Tips for running large risk calculations

Scenario risk calculations usually do not pose a performance problem, since they involve a single rupture and a limited geography for analysis. Some event-based risk calculations, however, may involve millions of ruptures and exposures spanning entire countries or even larger regions. This section offers some practical tips for running large event based risk calculations, especially ones involving large logic trees, and proposes techniques that might be used to make an intractable calculation tractable.

Understanding the hazard

Event-based calculations are typically dominated by the hazard component (unless there are lots of assets aggregated on few hazard sites) and therefore the first thing to do is to estimate the size of the hazard, i.e. the number of GMFs that will be produced. Since we are talking about a large calculation, first of all we need reduce it to a size that is guaranteed to run quickly. The simplest way to do that is to reduce the parameters directly affecting the number of ruptures generated, i.e.

  • investigation_time
  • ses_per_logic_tree_path
  • number_of_logic_tree_samples

For instance, if you have ses_per_logic_tree_path = 10,000 reduce it to 10, run the calculation and you will see in the log something like this:

[2018-12-16 09:09:57,689 #35263 INFO] Received
{'gmfdata': '752.18 MB', 'hcurves': '224 B', 'indices': '29.42 MB'}

The amount of GMFs generated for the reduced calculation is 752.18 MB; and since the calculation has been reduced by a factor of 1,000, the full computation is likely to generate around 750 GB of GMFs. Even if you have sufficient disk space to store this large quantity of GMFs, most likely you will run out of memory. Even if the hazard part of the calculation manages to run to completion, the risk part of the calculation is very likely to fail — managing 750 GB of GMFs is beyond the current capabilities of the engine. Thus, you will have to find ways to reduce the size of the computation.

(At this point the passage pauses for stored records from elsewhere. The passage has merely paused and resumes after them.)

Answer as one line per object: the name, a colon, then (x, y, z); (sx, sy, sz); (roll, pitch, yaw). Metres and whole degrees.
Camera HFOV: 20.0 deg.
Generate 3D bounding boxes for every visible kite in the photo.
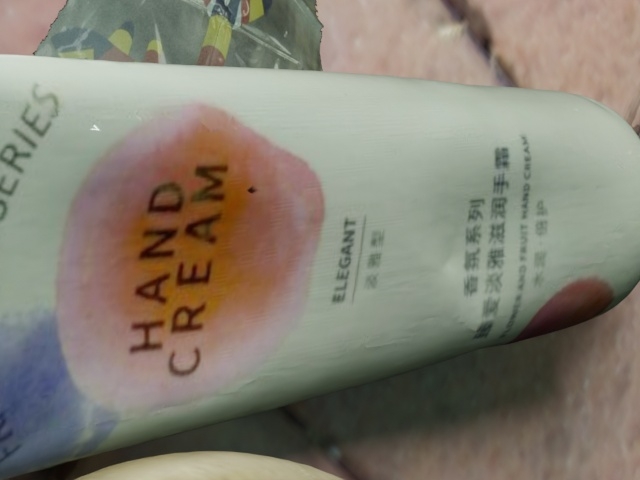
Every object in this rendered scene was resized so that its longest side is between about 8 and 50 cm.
kite: (-0.029, -0.094, 0.570); (0.141, 0.015, 0.245); (23, 72, -47)

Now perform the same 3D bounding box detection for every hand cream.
hand cream: (0.000, 0.000, 0.542); (0.340, 0.077, 0.124); (-8, 113, -46)

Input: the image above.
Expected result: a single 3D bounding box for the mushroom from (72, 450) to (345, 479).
mushroom: (-0.008, 0.153, 0.434); (0.207, 0.215, 0.207); (7, 78, -36)
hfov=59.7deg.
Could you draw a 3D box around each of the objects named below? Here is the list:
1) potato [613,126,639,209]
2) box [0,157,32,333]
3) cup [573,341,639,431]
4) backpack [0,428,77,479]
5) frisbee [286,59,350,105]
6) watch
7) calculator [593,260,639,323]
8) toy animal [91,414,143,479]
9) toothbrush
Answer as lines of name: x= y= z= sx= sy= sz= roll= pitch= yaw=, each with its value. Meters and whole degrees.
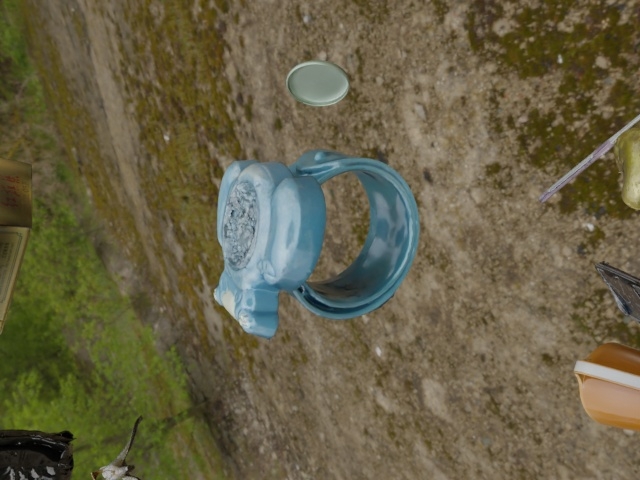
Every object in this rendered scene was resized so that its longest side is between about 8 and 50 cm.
potato: x=0.513 y=-0.117 z=0.890 sx=0.091 sy=0.070 sz=0.138 roll=45 pitch=-136 yaw=-61
box: x=-0.500 y=0.013 z=0.855 sx=0.240 sy=0.071 sz=0.159 roll=-57 pitch=43 yaw=30
cup: x=0.661 y=0.307 z=1.135 sx=0.183 sy=0.226 sz=0.264 roll=-69 pitch=18 yaw=-9
backpack: x=-0.429 y=0.318 z=0.768 sx=0.120 sy=0.165 sz=0.106 roll=173 pitch=101 yaw=-69
frisbee: x=-0.004 y=-0.269 z=0.956 sx=0.110 sy=0.110 sz=0.014 roll=125 pitch=152 yaw=-61
watch: x=0.000 y=0.000 z=0.594 sx=0.211 sy=0.193 sz=0.211 roll=-14 pitch=73 yaw=60
calculator: x=0.665 y=0.131 z=1.169 sx=0.166 sy=0.028 sz=0.274 roll=57 pitch=-170 yaw=-1
toy animal: x=-0.580 y=0.681 z=1.626 sx=0.197 sy=0.160 sz=0.273 roll=114 pitch=138 yaw=-80
toothbrush: x=0.584 y=-0.180 z=1.163 sx=0.029 sy=0.024 sz=0.354 roll=34 pitch=142 yaw=-2
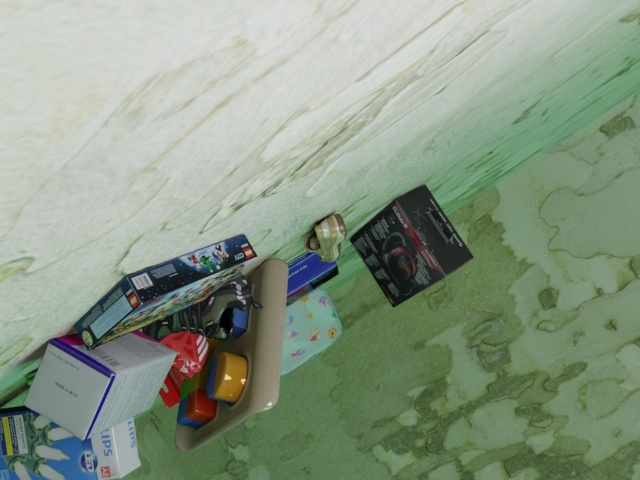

A good start would be to carefully set the parameters minimum_magnitude and minimum_intensity:

  • minimum_magnitude is a scalar or a dictionary keyed by tectonic region; the engine will discard ruptures with magnitudes below the given threshoulds
  • minimum_intensity is a scalar or a dictionary keyed by the intensity measure type; the engine will discard GMFs below the given intensity threshoulds

Choosing reasonable cutoff thresholds with these parameters can significantly reduce the size of your computation when there are a large number of small magnitude ruptures or low intensity GMFs being generated, which may have a negligible impact on the damage or losses, and thus could be safely discarded.

Collapsing of branches

When one is not interested so much in the uncertainty around the loss estimates, but more interested simply in the mean estimates, all of the source model branches can be “collapsed” into one branch. Using the collapsed source model should yield the same mean hazard or loss estimates as using the full source model logic tree and then computing the weighted mean of the individual branch results.

Similarly, the GMPE logic tree for each tectonic region can also be “collapsed” into a single branch. Using a single collapsed GMPE for each TRT should also yield the same mean hazard estimates as using the full GMPE logic tree and then computing the weighted mean of the individual branch results. This has become possible through the introduction of AvgGMPE feature in version 3.9.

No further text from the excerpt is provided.